Granger got his wish and the resulting film established him as MGM's resident swashbuckler. Originally, Granger was going to play both the hero and his archrival with Elizabeth Taylor in the role of Aline and Ava Gardner as Lenore. That concept was scrapped and Janet Leigh was hired to play Aline (she had to learn to ride sidesaddle for the part) and Eleanor Parker, in her first film as a MGM contract player, got to wear a flaming red wig as the fiery Lenore.

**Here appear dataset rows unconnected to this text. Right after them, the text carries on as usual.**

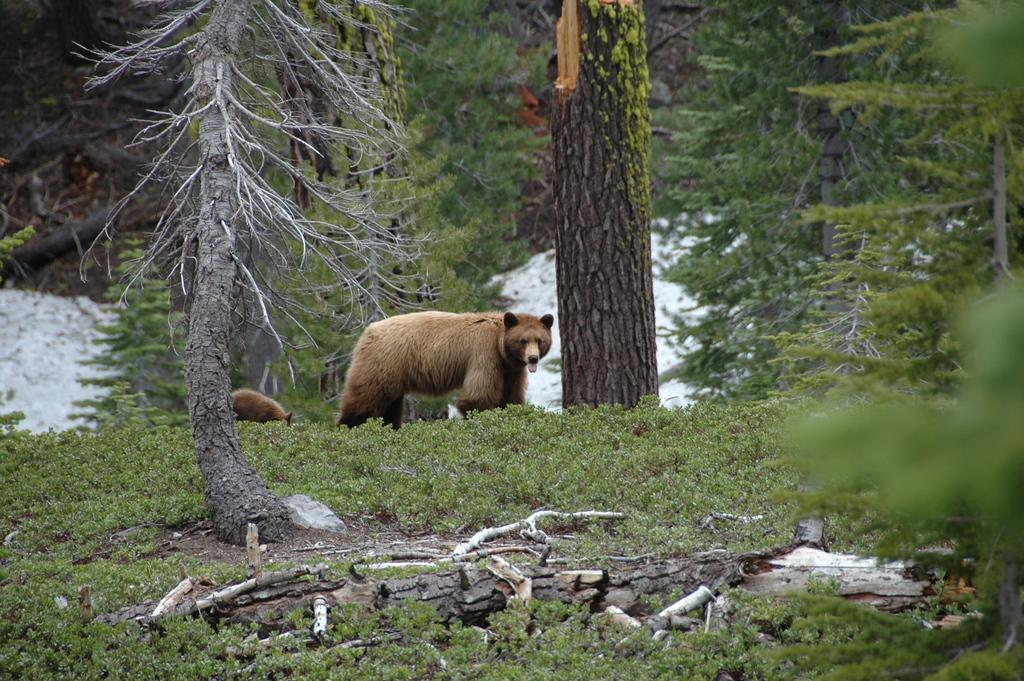Describe this image in one or two sentences. At the bottom of the image there is grass on the ground and also there is a tree trunk on the ground. There are two bears standing on the grass. And in the background there are many trees. 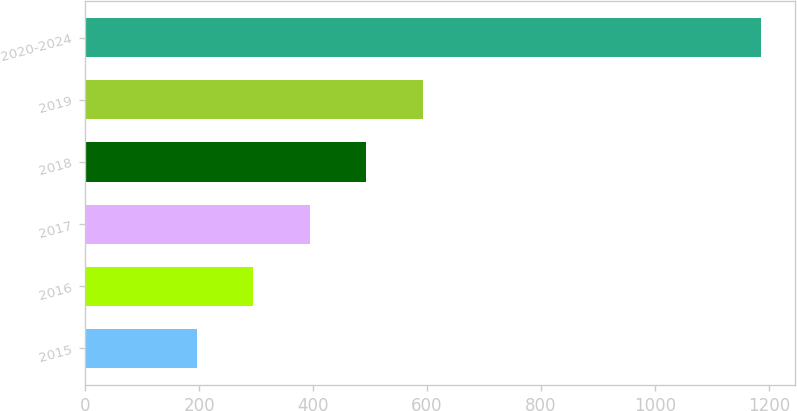Convert chart. <chart><loc_0><loc_0><loc_500><loc_500><bar_chart><fcel>2015<fcel>2016<fcel>2017<fcel>2018<fcel>2019<fcel>2020-2024<nl><fcel>196<fcel>295.1<fcel>394.2<fcel>493.3<fcel>592.4<fcel>1187<nl></chart> 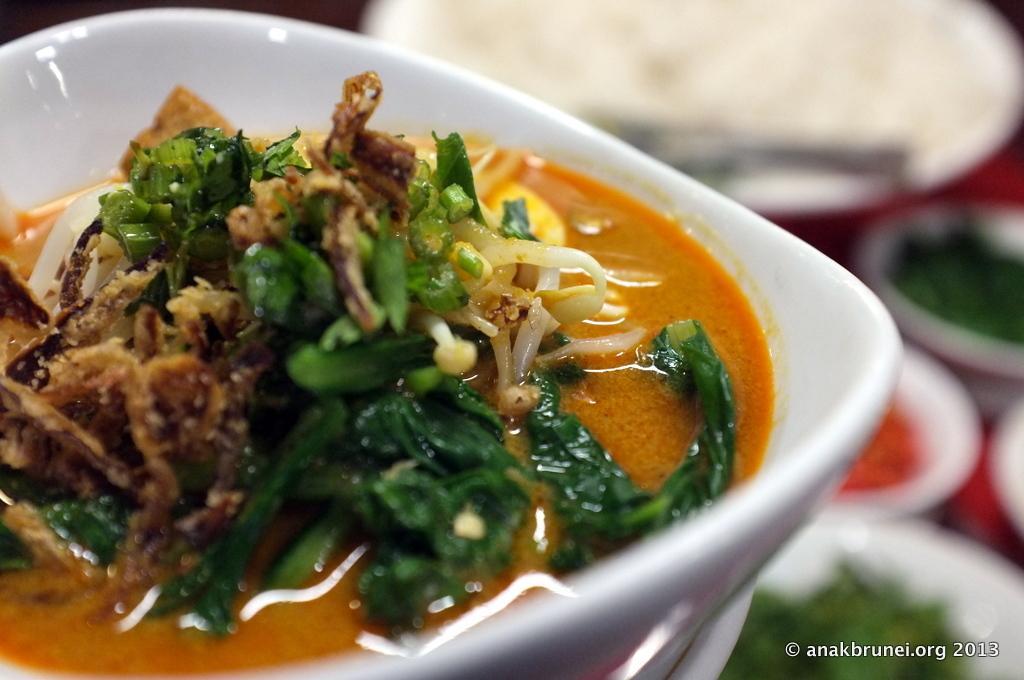Could you give a brief overview of what you see in this image? In this image I can see white colour plate and in it I can see different types of food. I can also see few other things in background and I can see this image is little bit blurry from background. Here I can see watermark. 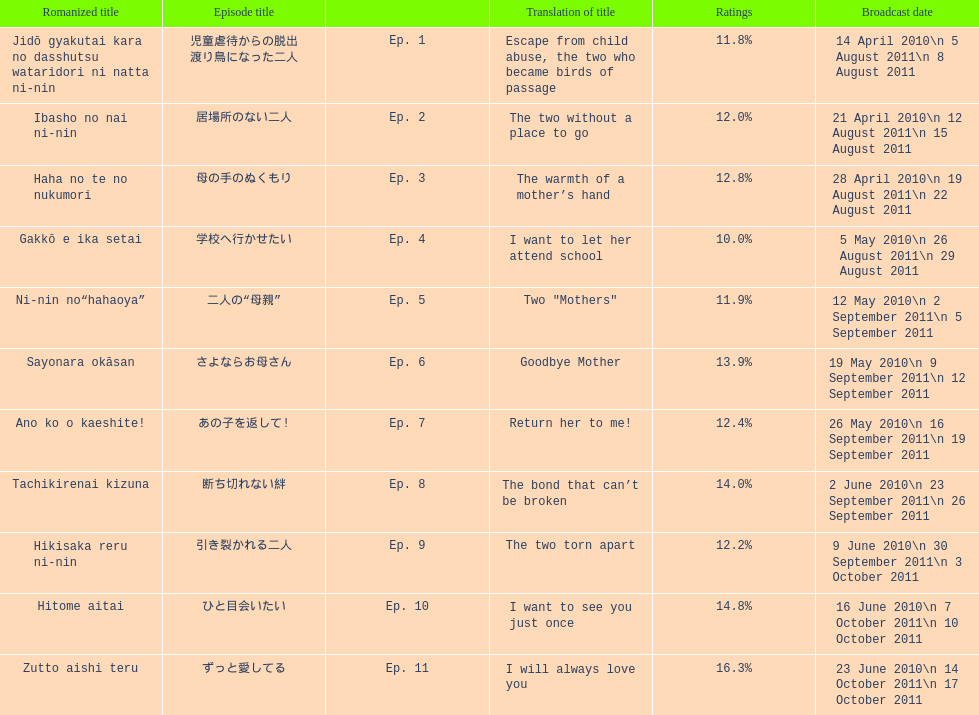What as the percentage total of ratings for episode 8? 14.0%. 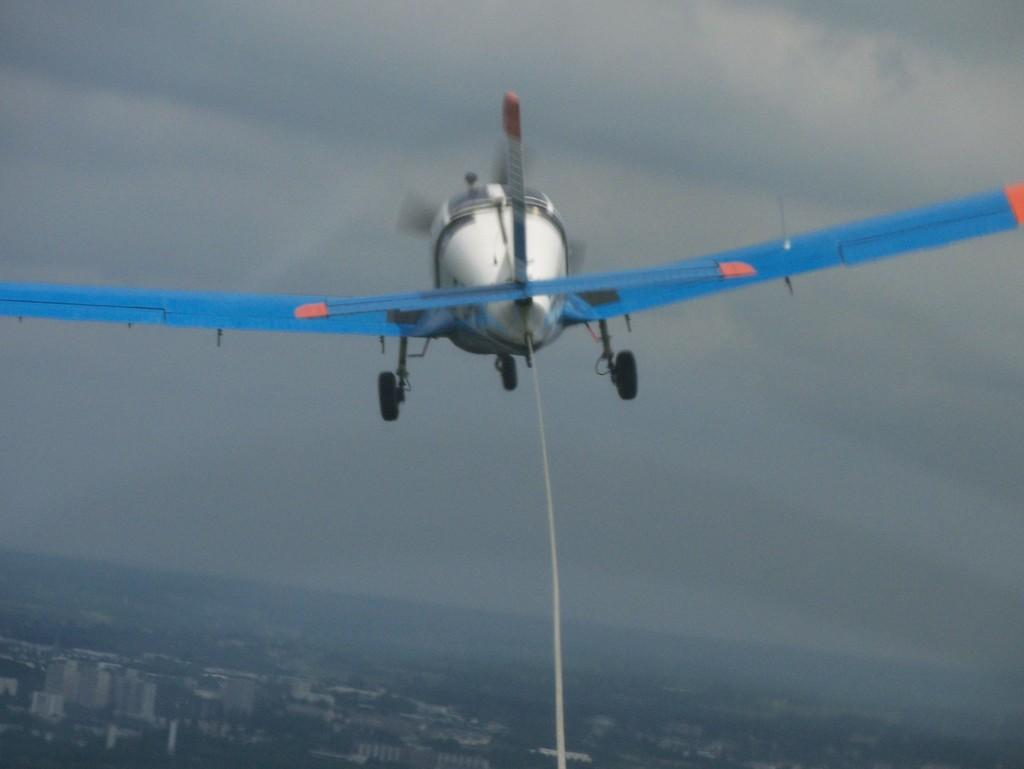What is the main subject of the image? The main subject of the image is a helicopter. Can you describe the position of the helicopter in the image? The helicopter is in the air in the image. What can be seen at the bottom of the image? There are buildings at the bottom of the image. What is visible at the top of the image? The sky is visible at the top of the image. What type of sock is hanging from the helicopter in the image? There is no sock present in the image; it features a helicopter in the air with buildings and sky visible. How many eggs are visible in the image? There are no eggs present in the image. 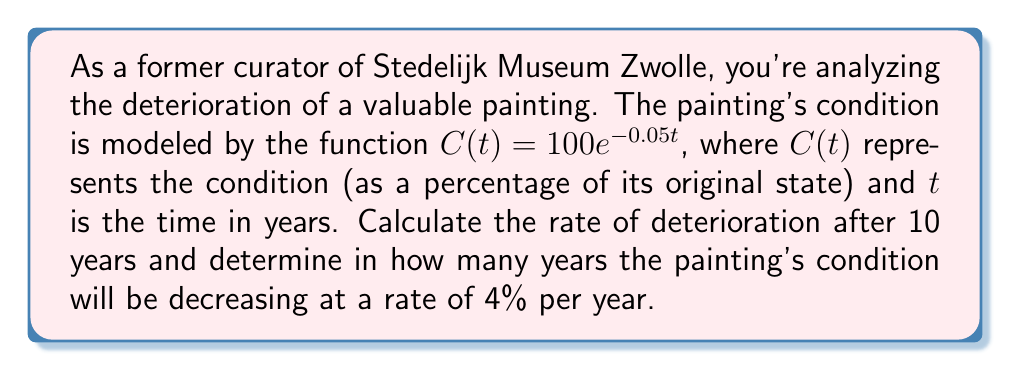Solve this math problem. 1. To find the rate of deterioration, we need to calculate the derivative of $C(t)$:
   $$C'(t) = 100 \cdot (-0.05)e^{-0.05t} = -5e^{-0.05t}$$

2. The rate of deterioration after 10 years:
   $$C'(10) = -5e^{-0.05(10)} = -5e^{-0.5} \approx -3.03$$
   This means the painting is deteriorating at a rate of about 3.03% per year after 10 years.

3. To find when the rate of deterioration is 4% per year, we set up the equation:
   $$-5e^{-0.05t} = -4$$

4. Solve for $t$:
   $$e^{-0.05t} = \frac{4}{5}$$
   $$-0.05t = \ln(\frac{4}{5})$$
   $$t = -\frac{\ln(\frac{4}{5})}{0.05} \approx 4.46$$

Therefore, the painting's condition will be decreasing at a rate of 4% per year after approximately 4.46 years.
Answer: 3.03% per year after 10 years; 4.46 years for 4% annual deterioration rate 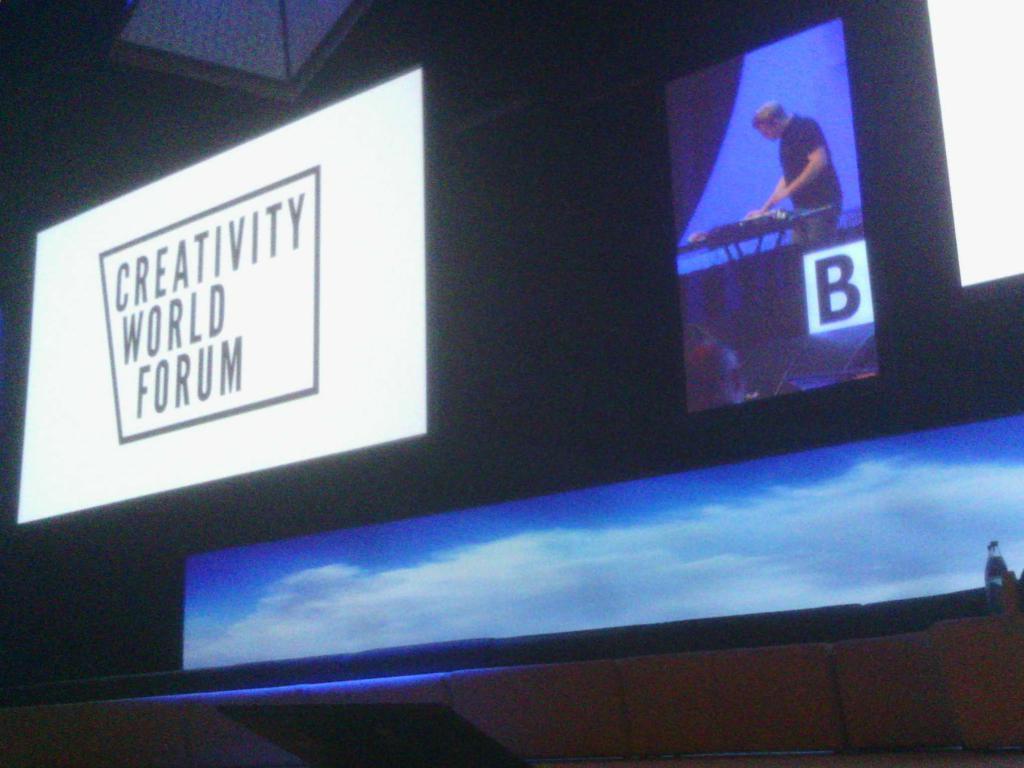Describe this image in one or two sentences. At the bottom of the picture, we see the sky and the clouds. On the left corner of the picture, we see a white board with some text written on it. In the middle of the picture, the man in black T-shirt is standing in front of the table. In the background, it is black in color. 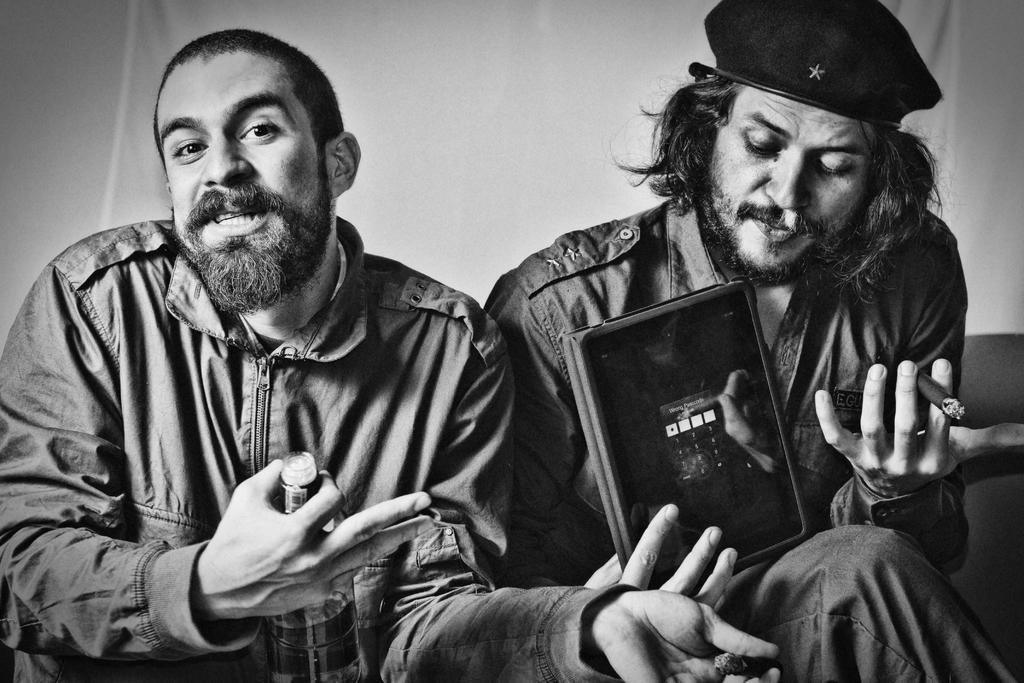Describe this image in one or two sentences. In the image two persons are sitting and holding a bottle and book and cigarette. Behind them there is a curtain. 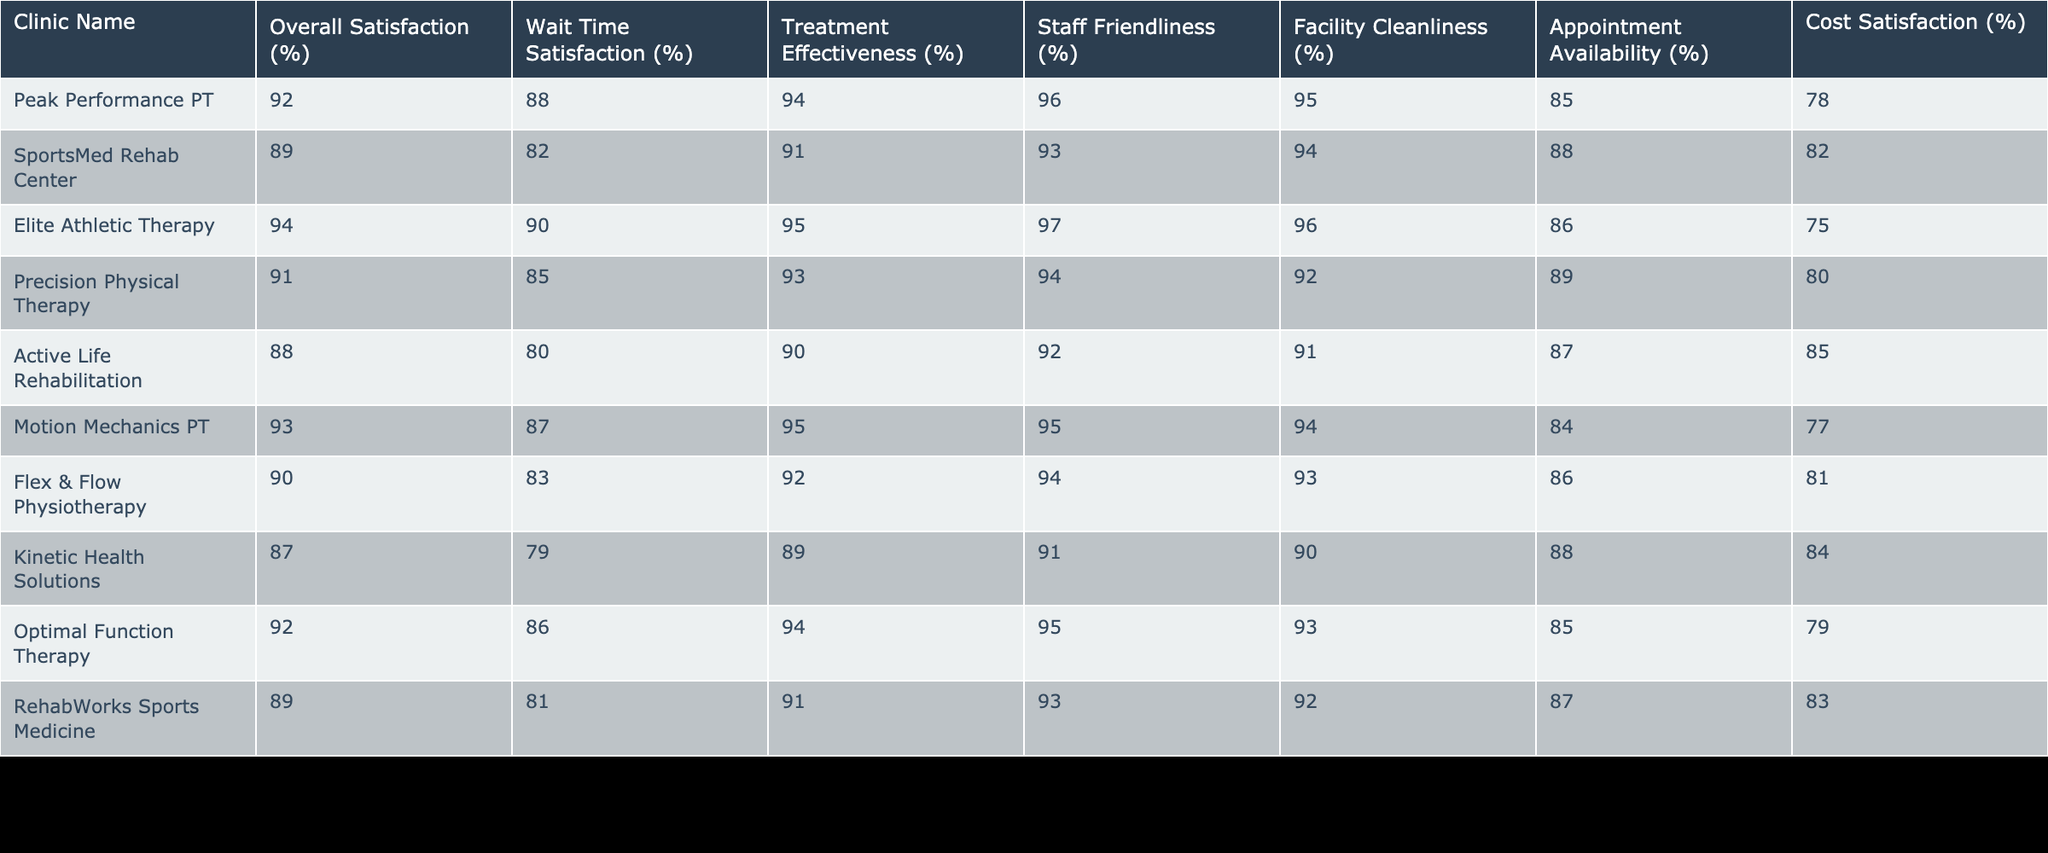What is the overall satisfaction percentage for Elite Athletic Therapy? The table shows that the overall satisfaction percentage for Elite Athletic Therapy is 94%.
Answer: 94% Which clinic has the highest treatment effectiveness score? According to the table, Elite Athletic Therapy has the highest treatment effectiveness score at 95%.
Answer: Elite Athletic Therapy What percentage of patients at SportsMed Rehab Center are satisfied with their wait time? The table indicates that SportsMed Rehab Center has a wait time satisfaction percentage of 82%.
Answer: 82% Is the facility cleanliness percentage for Motion Mechanics PT greater than that of Active Life Rehabilitation? The table shows that Motion Mechanics PT has a facility cleanliness percentage of 94%, while Active Life Rehabilitation has a cleanliness percentage of 91%. Since 94 is greater than 91, the statement is true.
Answer: Yes What is the average appointment availability score for the clinics listed in the table? To calculate the average appointment availability score, we add the scores: 85 + 88 + 86 + 89 + 87 + 84 + 88 + 85 + 87 + 86 = 867. There are 10 clinics, so the average appointment availability score is 867 divided by 10, which equals 86.7.
Answer: 86.7 How does the overall satisfaction of Optimal Function Therapy compare with that of Kinetic Health Solutions? The overall satisfaction rate for Optimal Function Therapy is 92%, which is higher than Kinetic Health Solutions' rate of 87%. Therefore, Optimal Function Therapy has a better overall satisfaction percentage compared to Kinetic Health Solutions.
Answer: Higher What is the difference between the treatment effectiveness scores of Elite Athletic Therapy and Precision Physical Therapy? Elite Athletic Therapy has a treatment effectiveness score of 95%, while Precision Physical Therapy's score is 93%. The difference is 95 - 93 = 2.
Answer: 2 Which clinic has both the highest staff friendliness percentage and the highest facility cleanliness percentage? According to the table, Elite Athletic Therapy has both the highest staff friendliness percentage (97%) and the highest facility cleanliness percentage (96%), making it the clinic with these highest ratings.
Answer: Elite Athletic Therapy Do patients at Flex & Flow Physiotherapy report higher satisfaction with cost compared to the patients at Optimal Function Therapy? Flex & Flow Physiotherapy has a cost satisfaction percentage of 81%, while Optimal Function Therapy has a cost satisfaction percentage of 79%. Since 81 is greater than 79, the answer is yes.
Answer: Yes

In preparing for his role in Scaramouche, Granger took fencing lessons from Jean Heremans, the European champion, and performed most of the stunts himself. The justly famous eight-minute climactic duel in the theatre between Granger and Mel Ferrer (as Noel, the Marquis de Maynes) required eight weeks of training in which both stars had to memorize eighty-seven individual sword passes and perform twenty-eight stunts. As a result of filming this sequence Granger suffered several injuries like a wrenched knee, a damaged shoulder, and an injured back. There were other mishaps along the way: an iron chandelier that snapped its chain and obliterated a mattress where Granger was supposed to be lying, a fencing sequence where trainer Heremans almost lost an eye, and an incident where Granger's wife, Jean Simmons, was visiting the set and almost received a flying sword in the face.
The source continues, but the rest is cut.